There. Saved you all the time.

This is apparently a series and we're not even out of the store yet. Don't work ahead. We have the whole week to go. So far I've learned to avoid tofu and seitan.


I didn't watch a second of it. Saw it was a series and noped right out. Take my advice or don't. I'm just saying, try what I said above and you'll probably like it. Or won't. Maybe.
 
151 [OhFark]
2021-09-15 9:22:38 AM  
Also thanks for reminding me (via the word "series", my brain works in weird ways) that today is Wu Tang Wednesday and a new episode is out.

/If you're 30+ and ever listened to rap/hip-hop, seriously check it out, it's pretty good.
 
2021-09-15 9:40:50 AM  
Still nursing a grudge against smash burgers because HopCat switched completely over to them, abandoning their previous burger options. The new menu is tasty enough but not the same, and there's no way to order a smash patty anything but well done. Not sayin' rare ground beef is a good idea, but a bit of pink in the middle of a thick pub burger is something to appreciate.

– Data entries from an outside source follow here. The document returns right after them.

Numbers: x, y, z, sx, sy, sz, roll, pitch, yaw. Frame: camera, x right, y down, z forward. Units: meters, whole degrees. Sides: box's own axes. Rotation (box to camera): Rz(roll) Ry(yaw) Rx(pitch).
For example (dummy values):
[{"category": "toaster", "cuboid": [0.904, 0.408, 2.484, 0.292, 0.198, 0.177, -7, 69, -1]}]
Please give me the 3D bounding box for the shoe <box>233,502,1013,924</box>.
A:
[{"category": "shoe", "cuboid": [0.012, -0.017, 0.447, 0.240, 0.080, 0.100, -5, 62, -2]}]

As far as homemade, thick patties win again. Propane means I can grill in just about any weather and there is no smashing to be done on a grill grate. I guess this technique is useful for those poor souls trapped in apartments where burgers have to be cooked indoors.
 
2021-09-15 9:44:43 AM  

McGrits: The crust seals in juices? On a ground meat patty?


Is that not true? I always cook a burger on high heat to sear the first side, then flip it over to sear the other side, and then turn the heat down while it cooks the rest of the way.

/ user name checks out?
 
2021-09-15 9:46:04 AM  

151: Brisket, short rib, strip. Season with salt and pepper, generously. High heat. Medium. A good brioche bun. Dress accordingly to your personal tastes/insanity (we just had a 100+ comment thread on this last week).

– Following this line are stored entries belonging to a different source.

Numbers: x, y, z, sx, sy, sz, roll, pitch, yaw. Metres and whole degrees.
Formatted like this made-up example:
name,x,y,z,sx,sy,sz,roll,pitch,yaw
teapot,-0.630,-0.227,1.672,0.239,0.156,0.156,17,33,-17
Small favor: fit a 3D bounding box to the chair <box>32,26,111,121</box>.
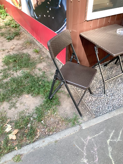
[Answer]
name,x,y,z,sx,sy,sz,roll,pitch,yaw
chair,0.111,-0.091,1.234,0.471,0.687,0.471,19,46,22
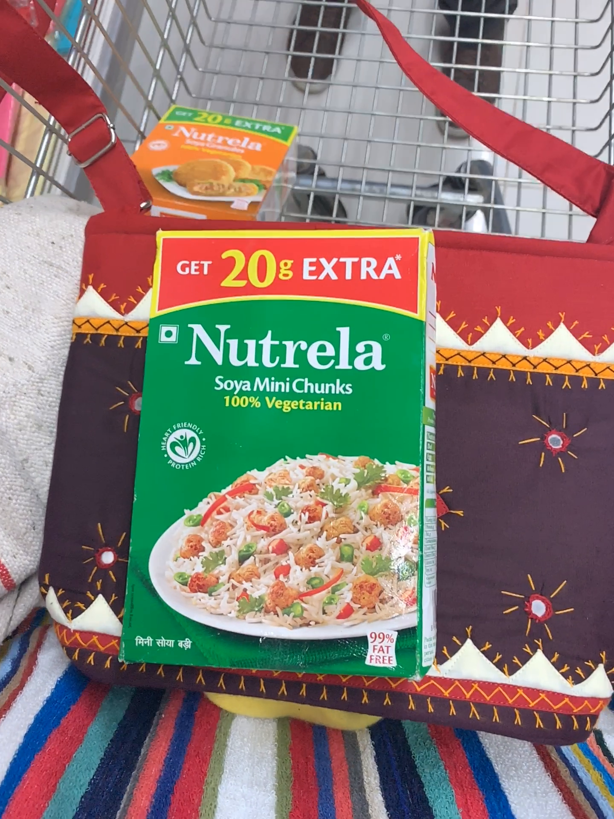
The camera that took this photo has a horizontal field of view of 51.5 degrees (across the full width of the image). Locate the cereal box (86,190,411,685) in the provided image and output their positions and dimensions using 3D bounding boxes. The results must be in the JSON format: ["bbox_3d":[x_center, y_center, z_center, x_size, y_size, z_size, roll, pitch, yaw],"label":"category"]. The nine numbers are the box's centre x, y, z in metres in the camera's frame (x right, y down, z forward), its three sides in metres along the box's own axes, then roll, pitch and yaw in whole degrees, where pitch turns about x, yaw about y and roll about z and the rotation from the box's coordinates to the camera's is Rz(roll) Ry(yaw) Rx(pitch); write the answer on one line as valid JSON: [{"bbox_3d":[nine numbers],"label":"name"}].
[{"bbox_3d":[-0.018,0.008,0.272,0.120,0.050,0.190,1,81,5],"label":"cereal box"}]

There. Saved you all the time.

/Half inch thick patties
//Or 4oz patties times two if you're going the smash burger route, which is a solid option, assuming you have a flat top or otherwise similar device


Sadly, in this dumbass market, farking brisket and short ribs are noticeably more expensive than 80/20 ground beef. And of course strip is. That's not to say I can't afford them, but I don't think the improvement over ground chuck will be commiserate with spending 70-100% more on the meat, plus the effort of grinding a blend.

If I was in the mood to grind my own blend these days, I'd snag a round roast on sale and grind it with pork belly to get a 75/25 to 80/20 fat percentage.
 
2021-09-15 9:49:25 AM  
olrasputin:
will be commiserate

/sigh

Commensurate. Just started my cup of coffee...
 
151 [OhFark]
2021-09-15 9:56:51 AM  

olrasputin: 151: Brisket, short rib, strip. Season with salt and pepper, generously. High heat. Medium. A good brioche bun. Dress accordingly to your personal tastes/insanity (we just had a 100+ comment thread on this last week).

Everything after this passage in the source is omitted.